Data entries:
Start of Block

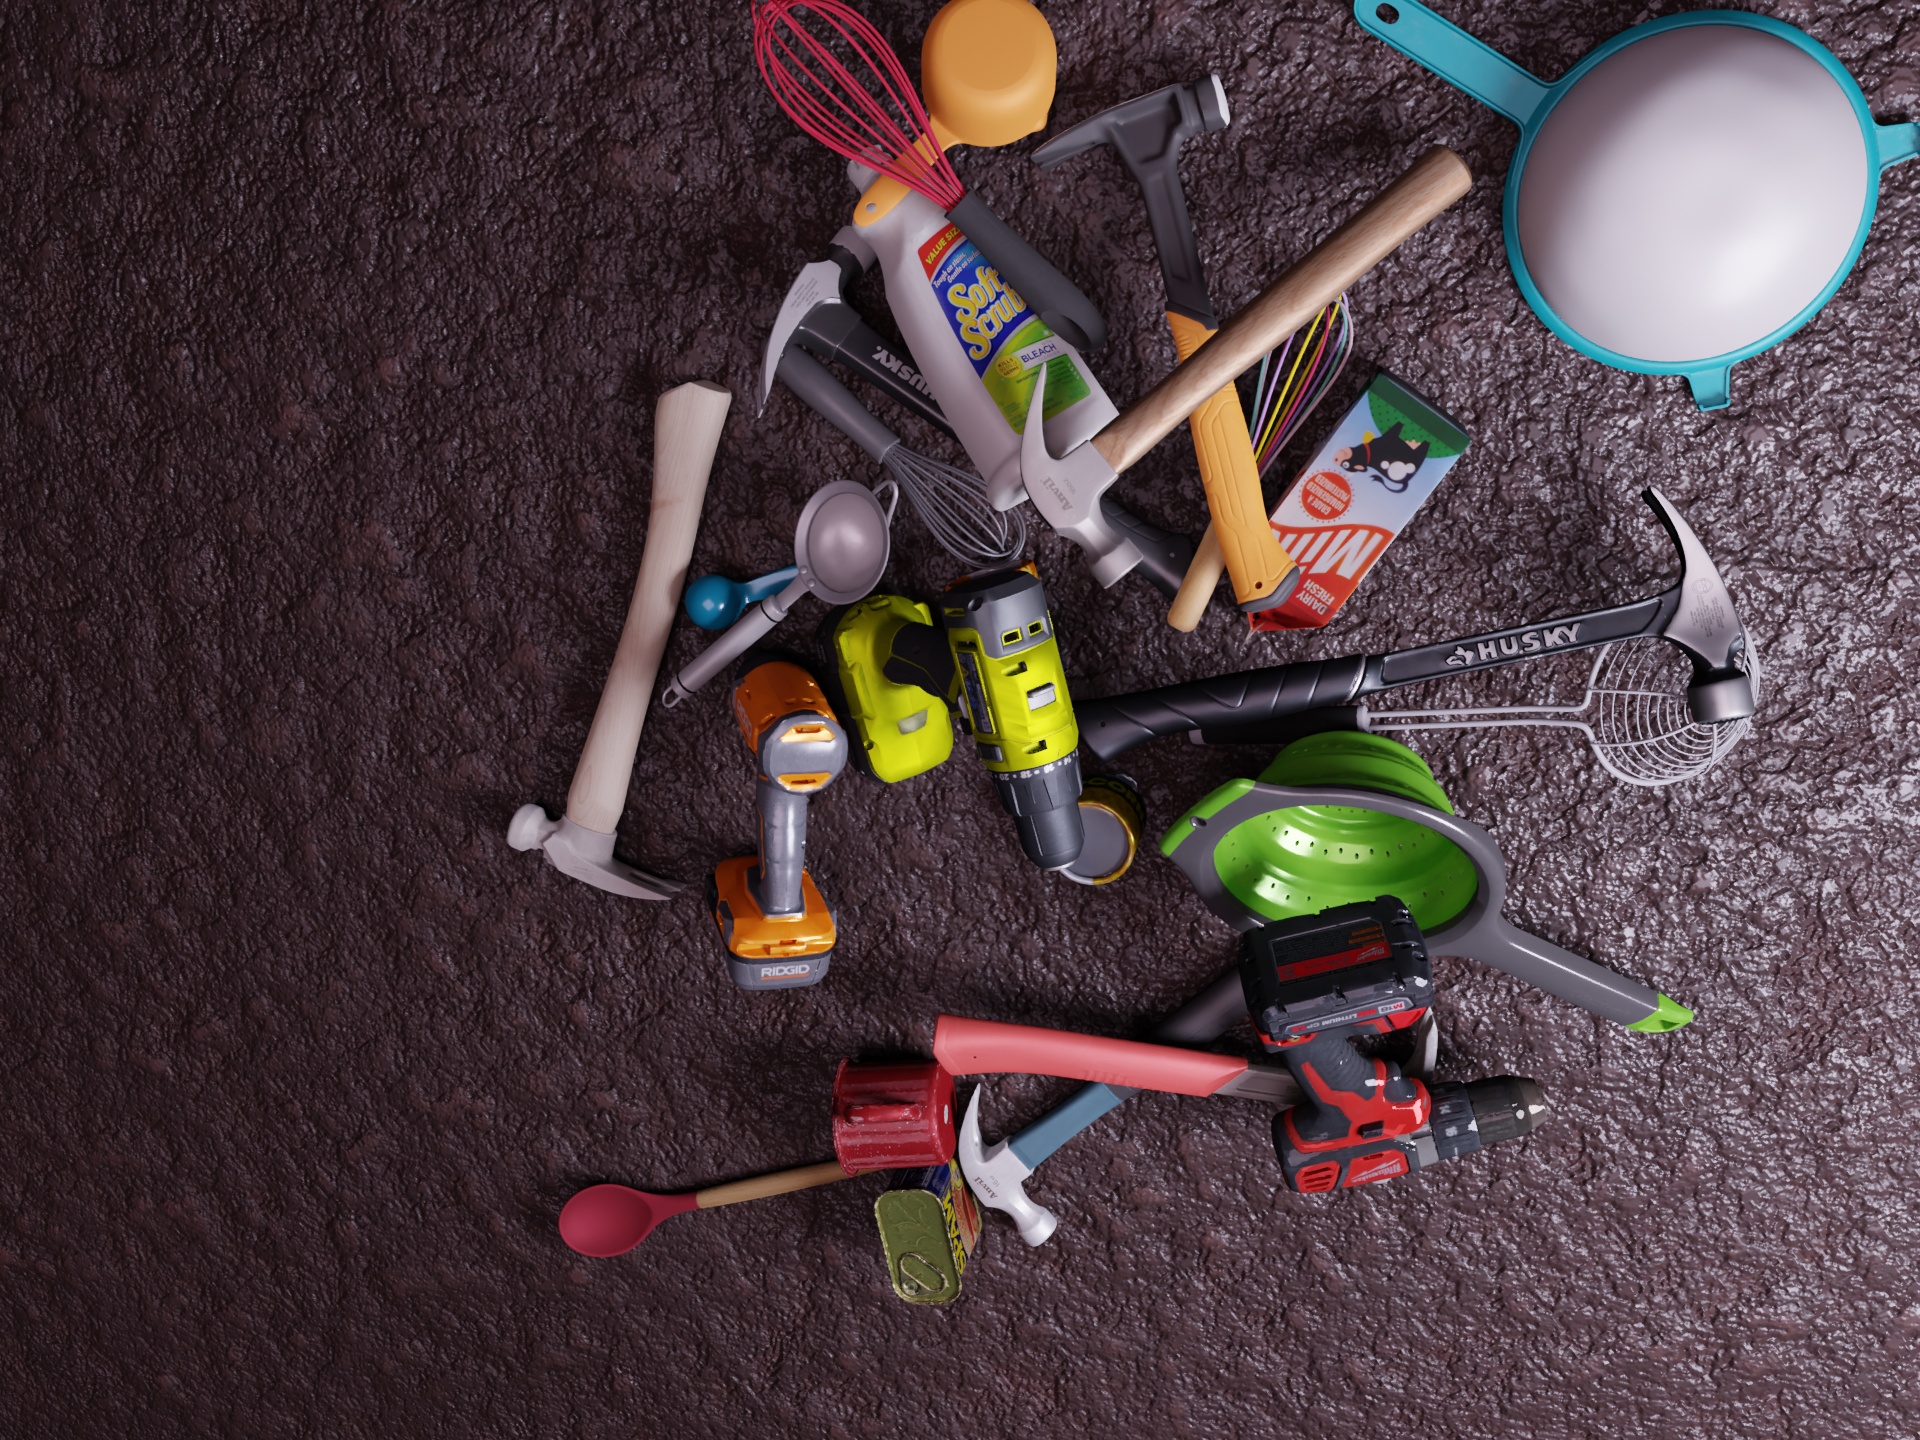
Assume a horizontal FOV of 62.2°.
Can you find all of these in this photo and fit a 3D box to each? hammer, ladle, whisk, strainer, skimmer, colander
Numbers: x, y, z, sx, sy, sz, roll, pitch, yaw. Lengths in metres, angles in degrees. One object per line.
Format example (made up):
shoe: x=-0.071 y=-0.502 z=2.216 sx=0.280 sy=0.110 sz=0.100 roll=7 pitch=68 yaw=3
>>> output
hammer: x=0.017 y=-0.186 z=1.078 sx=0.334 sy=0.035 sz=0.146 roll=35 pitch=69 yaw=-5
hammer: x=0.128 y=0.274 z=1.220 sx=0.331 sy=0.033 sz=0.128 roll=-42 pitch=94 yaw=22
ladle: x=-0.199 y=0.401 z=1.349 sx=0.315 sy=0.031 sz=0.069 roll=-16 pitch=104 yaw=17
whisk: x=-0.049 y=-0.193 z=1.117 sx=0.239 sy=0.055 sz=0.055 roll=41 pitch=112 yaw=5
strainer: x=0.377 y=-0.341 z=0.931 sx=0.340 sy=0.095 sz=0.211 roll=33 pitch=112 yaw=2
hammer: x=0.268 y=-0.037 z=1.001 sx=0.409 sy=0.036 sz=0.149 roll=-11 pitch=86 yaw=12
hammer: x=0.145 y=-0.231 z=1.014 sx=0.127 sy=0.034 sz=0.337 roll=-15 pitch=87 yaw=18
strainer: x=-0.127 y=-0.086 z=1.138 sx=0.258 sy=0.050 sz=0.087 roll=-37 pitch=70 yaw=23
hammer: x=-0.234 y=-0.056 z=1.213 sx=0.146 sy=0.038 sz=0.410 roll=22 pitch=111 yaw=6
skimmer: x=0.340 y=-0.012 z=1.079 sx=0.363 sy=0.090 sz=0.127 roll=-3 pitch=111 yaw=26
whisk: x=-0.016 y=-0.332 z=0.977 sx=0.295 sy=0.073 sz=0.073 roll=41 pitch=113 yaw=-18
hammer: x=0.173 y=-0.235 z=0.971 sx=0.331 sy=0.031 sz=0.130 roll=-40 pitch=90 yaw=1
hammer: x=0.159 y=0.248 z=1.162 sx=0.359 sy=0.037 sz=0.149 roll=9 pitch=114 yaw=0
colander: x=0.332 y=0.106 z=1.087 sx=0.397 sy=0.095 sz=0.204 roll=24 pitch=143 yaw=-12
whisk: x=0.192 y=-0.171 z=1.041 sx=0.051 sy=0.047 sz=0.245 roll=21 pitch=104 yaw=-13

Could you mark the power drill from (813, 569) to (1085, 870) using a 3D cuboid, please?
power drill: x=-0.002 y=-0.003 z=1.072 sx=0.229 sy=0.080 sz=0.190 roll=10 pitch=118 yaw=58

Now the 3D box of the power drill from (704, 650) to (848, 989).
power drill: x=-0.138 y=0.064 z=1.175 sx=0.084 sy=0.164 sz=0.226 roll=-2 pitch=116 yaw=-19

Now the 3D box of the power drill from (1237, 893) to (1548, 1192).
power drill: x=0.290 y=0.225 z=1.069 sx=0.188 sy=0.080 sz=0.226 roll=-15 pitch=126 yaw=10

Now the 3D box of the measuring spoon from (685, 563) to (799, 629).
measuring spoon: x=-0.141 y=-0.096 z=1.166 sx=0.128 sy=0.021 sz=0.042 roll=-16 pitch=110 yaw=3

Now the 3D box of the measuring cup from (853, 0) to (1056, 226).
measuring cup: x=-0.010 y=-0.386 z=1.006 sx=0.095 sy=0.052 sz=0.173 roll=41 pitch=86 yaw=2

End of Block

Task prompt:
The records above are to be transcribed word for word. Skip the images.

Result of the task:
Assume a horizontal FOV of 62.2°.
Can you find all of these in this photo and fit a 3D box to each? hammer, ladle, whisk, strainer, skimmer, colander
Numbers: x, y, z, sx, sy, sz, roll, pitch, yaw. Lengths in metres, angles in degrees. One object per line.
Format example (made up):
shoe: x=-0.071 y=-0.502 z=2.216 sx=0.280 sy=0.110 sz=0.100 roll=7 pitch=68 yaw=3
>>> output
hammer: x=0.017 y=-0.186 z=1.078 sx=0.334 sy=0.035 sz=0.146 roll=35 pitch=69 yaw=-5
hammer: x=0.128 y=0.274 z=1.220 sx=0.331 sy=0.033 sz=0.128 roll=-42 pitch=94 yaw=22
ladle: x=-0.199 y=0.401 z=1.349 sx=0.315 sy=0.031 sz=0.069 roll=-16 pitch=104 yaw=17
whisk: x=-0.049 y=-0.193 z=1.117 sx=0.239 sy=0.055 sz=0.055 roll=41 pitch=112 yaw=5
strainer: x=0.377 y=-0.341 z=0.931 sx=0.340 sy=0.095 sz=0.211 roll=33 pitch=112 yaw=2
hammer: x=0.268 y=-0.037 z=1.001 sx=0.409 sy=0.036 sz=0.149 roll=-11 pitch=86 yaw=12
hammer: x=0.145 y=-0.231 z=1.014 sx=0.127 sy=0.034 sz=0.337 roll=-15 pitch=87 yaw=18
strainer: x=-0.127 y=-0.086 z=1.138 sx=0.258 sy=0.050 sz=0.087 roll=-37 pitch=70 yaw=23
hammer: x=-0.234 y=-0.056 z=1.213 sx=0.146 sy=0.038 sz=0.410 roll=22 pitch=111 yaw=6
skimmer: x=0.340 y=-0.012 z=1.079 sx=0.363 sy=0.090 sz=0.127 roll=-3 pitch=111 yaw=26
whisk: x=-0.016 y=-0.332 z=0.977 sx=0.295 sy=0.073 sz=0.073 roll=41 pitch=113 yaw=-18
hammer: x=0.173 y=-0.235 z=0.971 sx=0.331 sy=0.031 sz=0.130 roll=-40 pitch=90 yaw=1
hammer: x=0.159 y=0.248 z=1.162 sx=0.359 sy=0.037 sz=0.149 roll=9 pitch=114 yaw=0
colander: x=0.332 y=0.106 z=1.087 sx=0.397 sy=0.095 sz=0.204 roll=24 pitch=143 yaw=-12
whisk: x=0.192 y=-0.171 z=1.041 sx=0.051 sy=0.047 sz=0.245 roll=21 pitch=104 yaw=-13

Could you mark the power drill from (813, 569) to (1085, 870) using a 3D cuboid, please?
power drill: x=-0.002 y=-0.003 z=1.072 sx=0.229 sy=0.080 sz=0.190 roll=10 pitch=118 yaw=58

Now the 3D box of the power drill from (704, 650) to (848, 989).
power drill: x=-0.138 y=0.064 z=1.175 sx=0.084 sy=0.164 sz=0.226 roll=-2 pitch=116 yaw=-19

Now the 3D box of the power drill from (1237, 893) to (1548, 1192).
power drill: x=0.290 y=0.225 z=1.069 sx=0.188 sy=0.080 sz=0.226 roll=-15 pitch=126 yaw=10

Now the 3D box of the measuring spoon from (685, 563) to (799, 629).
measuring spoon: x=-0.141 y=-0.096 z=1.166 sx=0.128 sy=0.021 sz=0.042 roll=-16 pitch=110 yaw=3

Now the 3D box of the measuring cup from (853, 0) to (1056, 226).
measuring cup: x=-0.010 y=-0.386 z=1.006 sx=0.095 sy=0.052 sz=0.173 roll=41 pitch=86 yaw=2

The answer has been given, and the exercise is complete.